Brian: I know. Most hearing people don’t know that it has its own grammar…and there are things that are in common with English, but it is definitely its own distinct language. And I think also many hearing people are surprised to discover that sign language isn’t universal, because there are not any spoken words, so people think that everybody must be able to understand it, who speak it all over the world. But there are different dialects. You know, within American Sign Language there are different dialects and slang words … and one of the keys to me understanding anything about the Deaf community comes from the fact that my boyfriend, David Serlin, is a professor at The University of California at San Diego, and two of his colleagues happen to be two of the world’s leading scholars of Deaf history and linguistics, Carol Padden and Tom Humphries.

So, we’ve been friends with Carol and Tom, and I’ve known them, and when I started working on this, I approached them about possibly helping me a bit with this book — to make sure that what I’m writing about is accurate, because there are all different kinds of accuracies. There is historical accuracy, but there is also emotional and experiential accuracy — to make sure that what’s happening to my characters feels authentic to someone who actually is D/deaf … [M]yself, not being deaf, the best I can do is read extensively.
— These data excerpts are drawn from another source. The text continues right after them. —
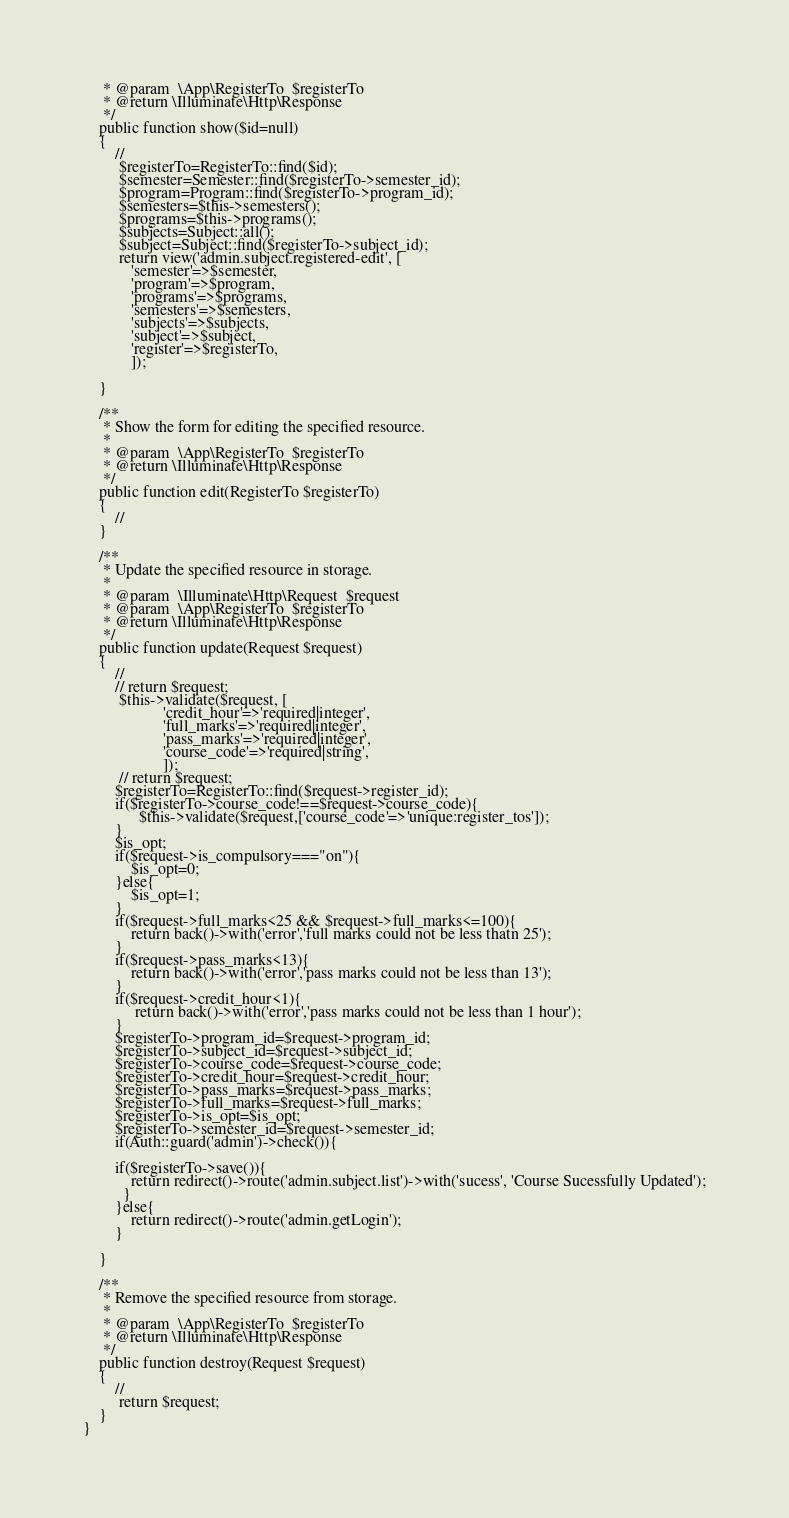Convert code to text. <code><loc_0><loc_0><loc_500><loc_500><_PHP_>     * @param  \App\RegisterTo  $registerTo
     * @return \Illuminate\Http\Response
     */
    public function show($id=null)
    {
        //
         $registerTo=RegisterTo::find($id);
         $semester=Semester::find($registerTo->semester_id);
         $program=Program::find($registerTo->program_id);
         $semesters=$this->semesters();
         $programs=$this->programs();
         $subjects=Subject::all();
         $subject=Subject::find($registerTo->subject_id);
         return view('admin.subject.registered-edit', [
            'semester'=>$semester,
            'program'=>$program,
            'programs'=>$programs,
            'semesters'=>$semesters,
            'subjects'=>$subjects,
            'subject'=>$subject,
            'register'=>$registerTo,
            ]);

    }

    /**
     * Show the form for editing the specified resource.
     *
     * @param  \App\RegisterTo  $registerTo
     * @return \Illuminate\Http\Response
     */
    public function edit(RegisterTo $registerTo)
    {
        //
    }

    /**
     * Update the specified resource in storage.
     *
     * @param  \Illuminate\Http\Request  $request
     * @param  \App\RegisterTo  $registerTo
     * @return \Illuminate\Http\Response
     */
    public function update(Request $request)
    {
        //
        // return $request;
         $this->validate($request, [
                    'credit_hour'=>'required|integer',
                    'full_marks'=>'required|integer',
                    'pass_marks'=>'required|integer',
                    'course_code'=>'required|string',
                    ]);
         // return $request;
        $registerTo=RegisterTo::find($request->register_id);
        if($registerTo->course_code!==$request->course_code){
              $this->validate($request,['course_code'=>'unique:register_tos']);
        }
        $is_opt;
        if($request->is_compulsory==="on"){
            $is_opt=0;
        }else{
            $is_opt=1;
        }
        if($request->full_marks<25 && $request->full_marks<=100){
            return back()->with('error','full marks could not be less thatn 25');
        }
        if($request->pass_marks<13){
            return back()->with('error','pass marks could not be less than 13');
        }
        if($request->credit_hour<1){
             return back()->with('error','pass marks could not be less than 1 hour');
        }
        $registerTo->program_id=$request->program_id;
        $registerTo->subject_id=$request->subject_id;
        $registerTo->course_code=$request->course_code;
        $registerTo->credit_hour=$request->credit_hour;
        $registerTo->pass_marks=$request->pass_marks;
        $registerTo->full_marks=$request->full_marks;
        $registerTo->is_opt=$is_opt;
        $registerTo->semester_id=$request->semester_id;
        if(Auth::guard('admin')->check()){

        if($registerTo->save()){
            return redirect()->route('admin.subject.list')->with('sucess', 'Course Sucessfully Updated');
          }
        }else{
            return redirect()->route('admin.getLogin');
        }

    }

    /**
     * Remove the specified resource from storage.
     *
     * @param  \App\RegisterTo  $registerTo
     * @return \Illuminate\Http\Response
     */
    public function destroy(Request $request)
    {
        //
         return $request;
    }
}
</code>

You know, I read so many books about people who are deaf, people whose children became deaf, people whose parents were deaf—any situation—the history of Deaf culture. I read many of Carol and Tom’s books, and I did interview several people who are deaf. And it was really Carol and Tom’s close reading of everything that I did and the incredible conversations that we had about the world that I was creating, the people that I was trying to make up, and the things that I was having happen to them that really helped me make this story. I always feel like if there is anything in the book that seems accurate, it’s because of Carol and Tom.

One of the challenges … You know, in a way, it was easy to get the historical stuff accurate, because those are facts, and so certain things happened at a certain date, people were treated a certain way at a certain time, schools were a certain way, jobs for deaf people, there were certain jobs at certain times … But in a way it was much harder to try to get into the head of my characters and to figure out what they were experiencing, because … There is Rose, who is born deaf, but because her story is told in pictures, the reader, who doesn’t know anything about the book, won’t even know that she is deaf for the first third of the entire novel. So, there were certain things that I had to figure out that happened to her that are actions. Because when you are drawing, you can really only draw actions. There is some text that we read within her story, where she writes notes, she reads books, she reads newspapers that we also read, but most of her story is told through action.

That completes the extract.